Source code for pixyz.distributions.mixture_distributions

import torch
from torch import nn

from ..utils import get_dict_values
from .distributions import Distribution


[docs]class MixtureModel(Distribution):
    """
    Mixture models.
    :math:`p(x) = \sum_i p(x|z=i)p(z=i)`

    Parameters
    ----------
    distributions : list
        List of distributions.

    prior : pixyz.Distribution.Categorical
        Prior distribution of latent variable (i.e., the contribution rate).
        This should be a categorical distribution and
        the number of its category should be the same as the length of the distribution list.

    Examples
    --------
    >>> from pixyz.distributions import Normal, Categorical
    >>> from pixyz.distributions.mixture_distributions import MixtureModel
    >>>
    >>> z_dim = 3  # the number of mixture
    >>> x_dim = 2  # the input dimension.
    >>>
    >>> distributions = []  # the list of distributions
    >>> for i in range(z_dim):
    >>>     loc = torch.randn(x_dim)  # initialize the value of location (mean)
    >>>     scale = torch.empty(x_dim).fill_(1.)  # initialize the value of scale (variance)
    >>>     distributions.append(Normal(loc=loc, scale=scale, var=["x"], name="p_%d" %i))
    >>>
    >>> probs = torch.empty(z_dim).fill_(1. / z_dim)  # initialize the value of probabilities
    >>> prior = Categorical(probs=probs, var=["z"], name="prior")
    >>>
    >>> p = MixtureModel(distributions=distributions, prior=prior)
    """

    def __init__(self, distributions, prior, name="p"):
        if not isinstance(distributions, list):
            raise ValueError
        else:
            distributions = nn.ModuleList(distributions)

        if prior.distribution_name != "Categorical":
            raise ValueError("The prior must be the categorical distribution.")

        # check the number of mixture
        if len(prior.get_params()["probs"]) != len(distributions):
            raise ValueError("The number of its category must be the same as the length of the distribution list.")

        # check whether all distributions have the same variable.
        var_list = []
        for d in distributions:
            var_list += d.var
        var_list = list(set(var_list))

        if len(var_list) != 1:
            raise ValueError("All distributions must have the same variable.")

        hidden_var = prior.var

        super().__init__(var=var_list, name=name)

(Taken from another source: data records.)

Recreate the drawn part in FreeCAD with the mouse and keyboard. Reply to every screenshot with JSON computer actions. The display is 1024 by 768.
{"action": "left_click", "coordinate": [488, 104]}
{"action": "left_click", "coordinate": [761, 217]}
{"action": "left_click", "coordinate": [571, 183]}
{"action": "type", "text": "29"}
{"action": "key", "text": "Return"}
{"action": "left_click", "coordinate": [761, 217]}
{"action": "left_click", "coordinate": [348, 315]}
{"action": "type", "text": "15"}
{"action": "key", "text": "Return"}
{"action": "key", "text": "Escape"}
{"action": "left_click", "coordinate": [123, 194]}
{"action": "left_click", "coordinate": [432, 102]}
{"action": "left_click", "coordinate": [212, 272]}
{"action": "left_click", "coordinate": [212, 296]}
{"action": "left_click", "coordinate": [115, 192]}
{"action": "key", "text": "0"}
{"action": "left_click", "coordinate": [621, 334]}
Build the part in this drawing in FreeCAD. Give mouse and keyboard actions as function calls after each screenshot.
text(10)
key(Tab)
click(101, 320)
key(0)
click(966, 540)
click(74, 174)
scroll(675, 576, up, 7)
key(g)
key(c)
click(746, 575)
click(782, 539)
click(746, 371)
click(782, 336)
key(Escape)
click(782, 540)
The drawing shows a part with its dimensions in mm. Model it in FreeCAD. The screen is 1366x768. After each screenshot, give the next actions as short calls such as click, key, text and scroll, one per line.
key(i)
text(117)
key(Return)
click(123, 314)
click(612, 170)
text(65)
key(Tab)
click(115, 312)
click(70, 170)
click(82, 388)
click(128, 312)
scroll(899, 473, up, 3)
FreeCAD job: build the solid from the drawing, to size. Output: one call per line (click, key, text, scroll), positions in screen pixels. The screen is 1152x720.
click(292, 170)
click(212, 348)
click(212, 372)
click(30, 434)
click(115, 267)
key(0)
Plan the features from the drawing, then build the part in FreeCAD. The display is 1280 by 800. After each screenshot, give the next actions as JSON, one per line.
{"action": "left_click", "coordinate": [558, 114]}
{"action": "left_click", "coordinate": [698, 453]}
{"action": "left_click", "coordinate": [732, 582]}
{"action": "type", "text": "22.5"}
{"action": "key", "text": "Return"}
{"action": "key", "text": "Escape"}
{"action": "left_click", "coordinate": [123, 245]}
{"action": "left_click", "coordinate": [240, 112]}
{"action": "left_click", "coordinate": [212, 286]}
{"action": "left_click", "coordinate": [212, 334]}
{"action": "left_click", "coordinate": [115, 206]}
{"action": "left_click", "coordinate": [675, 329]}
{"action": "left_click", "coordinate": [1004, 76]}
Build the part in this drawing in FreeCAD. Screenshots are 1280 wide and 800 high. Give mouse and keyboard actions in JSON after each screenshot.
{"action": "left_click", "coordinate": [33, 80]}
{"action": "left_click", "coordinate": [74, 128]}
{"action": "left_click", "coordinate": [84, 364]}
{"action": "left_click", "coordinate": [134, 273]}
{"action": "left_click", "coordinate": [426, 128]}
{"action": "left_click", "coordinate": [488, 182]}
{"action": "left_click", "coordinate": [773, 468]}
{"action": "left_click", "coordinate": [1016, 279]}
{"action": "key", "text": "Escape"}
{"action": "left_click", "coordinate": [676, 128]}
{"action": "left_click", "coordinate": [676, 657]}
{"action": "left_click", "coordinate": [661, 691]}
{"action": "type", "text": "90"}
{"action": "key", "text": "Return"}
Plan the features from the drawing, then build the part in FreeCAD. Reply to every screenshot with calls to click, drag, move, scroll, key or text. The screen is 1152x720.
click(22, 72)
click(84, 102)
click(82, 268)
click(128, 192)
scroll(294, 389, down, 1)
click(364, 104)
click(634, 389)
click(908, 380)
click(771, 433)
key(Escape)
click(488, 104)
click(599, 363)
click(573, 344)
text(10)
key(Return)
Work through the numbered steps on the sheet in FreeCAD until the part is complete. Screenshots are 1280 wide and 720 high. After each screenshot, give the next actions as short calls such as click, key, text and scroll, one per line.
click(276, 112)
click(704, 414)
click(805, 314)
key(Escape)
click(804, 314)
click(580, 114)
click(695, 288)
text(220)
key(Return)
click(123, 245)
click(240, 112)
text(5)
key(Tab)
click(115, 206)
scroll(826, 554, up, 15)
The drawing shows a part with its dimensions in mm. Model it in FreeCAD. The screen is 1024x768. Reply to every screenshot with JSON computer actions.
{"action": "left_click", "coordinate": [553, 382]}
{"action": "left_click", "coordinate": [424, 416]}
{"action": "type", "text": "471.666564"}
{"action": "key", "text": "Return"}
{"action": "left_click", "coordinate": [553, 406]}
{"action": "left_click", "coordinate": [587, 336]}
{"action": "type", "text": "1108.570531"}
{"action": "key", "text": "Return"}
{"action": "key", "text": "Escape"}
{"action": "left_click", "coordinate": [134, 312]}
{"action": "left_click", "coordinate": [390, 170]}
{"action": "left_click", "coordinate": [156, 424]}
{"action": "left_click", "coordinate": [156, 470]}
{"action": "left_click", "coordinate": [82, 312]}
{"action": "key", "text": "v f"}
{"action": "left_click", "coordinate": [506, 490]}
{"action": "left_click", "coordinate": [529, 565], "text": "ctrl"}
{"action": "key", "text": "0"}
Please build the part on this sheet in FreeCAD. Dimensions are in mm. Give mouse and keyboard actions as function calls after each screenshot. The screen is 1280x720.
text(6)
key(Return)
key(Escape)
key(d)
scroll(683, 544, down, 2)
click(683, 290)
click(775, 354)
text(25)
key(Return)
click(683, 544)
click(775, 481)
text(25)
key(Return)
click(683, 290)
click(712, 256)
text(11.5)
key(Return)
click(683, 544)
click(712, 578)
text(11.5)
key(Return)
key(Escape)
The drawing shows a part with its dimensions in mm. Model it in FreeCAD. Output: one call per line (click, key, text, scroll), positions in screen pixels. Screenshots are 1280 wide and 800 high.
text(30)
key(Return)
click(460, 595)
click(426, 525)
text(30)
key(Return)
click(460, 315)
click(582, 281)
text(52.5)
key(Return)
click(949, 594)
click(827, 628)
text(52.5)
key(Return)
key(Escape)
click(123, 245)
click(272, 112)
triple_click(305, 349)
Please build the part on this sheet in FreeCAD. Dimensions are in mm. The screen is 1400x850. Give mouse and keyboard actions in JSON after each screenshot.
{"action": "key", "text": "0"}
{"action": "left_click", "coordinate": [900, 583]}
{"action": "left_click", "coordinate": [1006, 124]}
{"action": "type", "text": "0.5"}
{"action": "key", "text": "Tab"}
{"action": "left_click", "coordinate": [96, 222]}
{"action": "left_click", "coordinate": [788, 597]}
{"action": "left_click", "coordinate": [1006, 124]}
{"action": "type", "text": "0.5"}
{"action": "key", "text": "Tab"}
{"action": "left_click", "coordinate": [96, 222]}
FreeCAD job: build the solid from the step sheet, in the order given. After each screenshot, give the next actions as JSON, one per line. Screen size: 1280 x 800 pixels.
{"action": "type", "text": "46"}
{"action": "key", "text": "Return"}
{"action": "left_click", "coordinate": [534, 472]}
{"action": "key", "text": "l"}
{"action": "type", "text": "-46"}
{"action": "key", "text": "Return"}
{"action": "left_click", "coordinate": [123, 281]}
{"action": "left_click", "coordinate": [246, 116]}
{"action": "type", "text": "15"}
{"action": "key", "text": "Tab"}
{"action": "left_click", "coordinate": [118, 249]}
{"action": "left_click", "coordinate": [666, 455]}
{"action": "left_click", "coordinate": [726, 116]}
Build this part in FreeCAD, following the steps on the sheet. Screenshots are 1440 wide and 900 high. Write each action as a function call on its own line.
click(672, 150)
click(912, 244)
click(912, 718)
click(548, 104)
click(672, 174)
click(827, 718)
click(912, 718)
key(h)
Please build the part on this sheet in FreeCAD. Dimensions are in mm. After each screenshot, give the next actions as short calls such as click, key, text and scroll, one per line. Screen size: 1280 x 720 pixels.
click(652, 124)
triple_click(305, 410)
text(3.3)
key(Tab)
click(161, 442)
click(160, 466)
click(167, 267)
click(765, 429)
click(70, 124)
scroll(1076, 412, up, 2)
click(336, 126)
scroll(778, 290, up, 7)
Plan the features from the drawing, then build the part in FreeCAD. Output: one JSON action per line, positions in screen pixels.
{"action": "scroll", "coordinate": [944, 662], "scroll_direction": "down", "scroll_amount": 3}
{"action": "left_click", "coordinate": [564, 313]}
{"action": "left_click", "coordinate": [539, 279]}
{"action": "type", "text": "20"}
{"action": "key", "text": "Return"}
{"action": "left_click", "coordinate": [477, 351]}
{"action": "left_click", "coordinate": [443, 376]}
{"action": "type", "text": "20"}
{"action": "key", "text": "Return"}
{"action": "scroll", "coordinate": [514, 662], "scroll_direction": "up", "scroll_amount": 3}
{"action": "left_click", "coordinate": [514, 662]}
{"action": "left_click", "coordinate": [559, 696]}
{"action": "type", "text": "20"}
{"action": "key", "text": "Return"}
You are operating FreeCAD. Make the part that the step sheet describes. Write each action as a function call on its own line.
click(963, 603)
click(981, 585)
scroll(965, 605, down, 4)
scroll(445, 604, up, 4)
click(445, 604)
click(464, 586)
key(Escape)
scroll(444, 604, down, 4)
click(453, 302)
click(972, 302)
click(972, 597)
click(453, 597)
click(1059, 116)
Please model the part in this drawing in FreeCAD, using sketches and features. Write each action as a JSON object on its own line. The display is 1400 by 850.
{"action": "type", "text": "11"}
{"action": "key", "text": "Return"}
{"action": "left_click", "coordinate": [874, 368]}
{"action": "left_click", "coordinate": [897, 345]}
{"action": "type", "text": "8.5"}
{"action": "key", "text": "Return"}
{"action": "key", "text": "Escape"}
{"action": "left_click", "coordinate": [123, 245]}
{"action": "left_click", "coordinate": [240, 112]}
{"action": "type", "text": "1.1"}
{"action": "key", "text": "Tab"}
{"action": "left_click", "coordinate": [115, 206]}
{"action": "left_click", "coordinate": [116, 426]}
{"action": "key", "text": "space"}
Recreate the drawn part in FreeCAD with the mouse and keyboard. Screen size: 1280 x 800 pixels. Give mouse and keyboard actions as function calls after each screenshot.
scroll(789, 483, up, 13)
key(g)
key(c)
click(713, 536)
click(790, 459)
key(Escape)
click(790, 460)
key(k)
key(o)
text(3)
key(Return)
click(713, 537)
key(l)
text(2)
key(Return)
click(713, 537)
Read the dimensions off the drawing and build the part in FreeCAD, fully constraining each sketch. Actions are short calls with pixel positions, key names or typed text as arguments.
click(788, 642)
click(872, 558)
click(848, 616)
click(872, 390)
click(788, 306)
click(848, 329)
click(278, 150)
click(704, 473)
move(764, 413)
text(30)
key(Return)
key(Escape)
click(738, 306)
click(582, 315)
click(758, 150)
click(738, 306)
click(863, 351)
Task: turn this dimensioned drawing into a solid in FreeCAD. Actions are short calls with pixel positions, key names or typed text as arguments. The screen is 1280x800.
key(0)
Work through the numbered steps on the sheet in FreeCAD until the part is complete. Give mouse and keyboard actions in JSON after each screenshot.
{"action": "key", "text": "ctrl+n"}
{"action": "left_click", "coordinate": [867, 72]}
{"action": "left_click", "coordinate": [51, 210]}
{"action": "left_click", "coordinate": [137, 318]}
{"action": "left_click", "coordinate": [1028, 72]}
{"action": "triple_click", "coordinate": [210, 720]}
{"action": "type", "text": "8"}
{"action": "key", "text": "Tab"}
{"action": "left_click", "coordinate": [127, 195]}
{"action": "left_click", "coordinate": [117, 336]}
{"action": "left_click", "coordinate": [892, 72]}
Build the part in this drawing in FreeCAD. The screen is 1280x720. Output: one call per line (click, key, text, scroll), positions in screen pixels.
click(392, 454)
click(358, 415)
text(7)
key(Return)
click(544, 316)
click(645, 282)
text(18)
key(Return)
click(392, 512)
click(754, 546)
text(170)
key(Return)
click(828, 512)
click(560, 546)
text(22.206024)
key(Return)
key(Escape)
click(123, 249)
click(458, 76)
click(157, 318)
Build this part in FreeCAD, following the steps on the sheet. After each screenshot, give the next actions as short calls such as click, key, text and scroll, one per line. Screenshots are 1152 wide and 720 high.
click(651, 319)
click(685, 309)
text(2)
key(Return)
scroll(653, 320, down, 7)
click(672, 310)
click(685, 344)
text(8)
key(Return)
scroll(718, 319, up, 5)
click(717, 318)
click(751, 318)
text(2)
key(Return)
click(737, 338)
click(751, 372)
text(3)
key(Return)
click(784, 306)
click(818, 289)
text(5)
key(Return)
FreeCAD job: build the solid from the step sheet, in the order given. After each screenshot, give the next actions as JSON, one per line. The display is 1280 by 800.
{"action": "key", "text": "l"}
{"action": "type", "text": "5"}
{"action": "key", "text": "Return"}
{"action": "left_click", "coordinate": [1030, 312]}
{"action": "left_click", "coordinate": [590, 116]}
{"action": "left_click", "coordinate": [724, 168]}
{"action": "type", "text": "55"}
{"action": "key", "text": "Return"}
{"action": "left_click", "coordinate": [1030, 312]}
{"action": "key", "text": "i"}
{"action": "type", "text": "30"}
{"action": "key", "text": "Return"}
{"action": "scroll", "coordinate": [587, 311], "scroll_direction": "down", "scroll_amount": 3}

        self._distributions = distributions
        self._prior = prior

        self._hidden_var = hidden_var

    @property
    def prob_text(self):
        _prob_text = "{}({})".format(
            self._name, ','.join(self._var)
        )

        return _prob_text

    @property
    def prob_factorized_text(self):
        _mixture_prob_text = []
        for i, d in enumerate(self._distributions):
            _mixture_prob_text.append("{}({}|{}={}){}({}={})".format(
                d.name, self._var[0], self._hidden_var[0], i,
                self._prior.name, self._hidden_var[0], i
            ))

        _prob_text = ' + '.join(_mixture_prob_text)

        return _prob_text

    @property
    def distribution_name(self):
        return "Mixture Model"

[docs]    def get_posterior_probs(self, x_dict):
        # log p(z|x) = log p(x, z) - log p(x)
        loglike = self.log_likelihood_all_hidden(x_dict) - self.log_likelihood(x_dict)

        # p(z|x)
        return torch.exp(loglike)  # (num_mix, batch_size)

[docs]    def sample(self, batch_size=1, return_hidden=False, **kwargs):
        hidden_output = []
        var_output = []

        for i in range(batch_size):
            # sample from prior
            _hidden_output = self._prior.sample()[self._hidden_var[0]]
            hidden_output.append(_hidden_output)

            var_output.append(self._distributions[
                                      _hidden_output.argmax(dim=-1)].sample()[self._var[0]])

        output_dict = {self._var[0]: torch.cat(var_output, 0)}

        if return_hidden:
            output_dict.update({self._hidden_var[0]: torch.cat(hidden_output, 0)})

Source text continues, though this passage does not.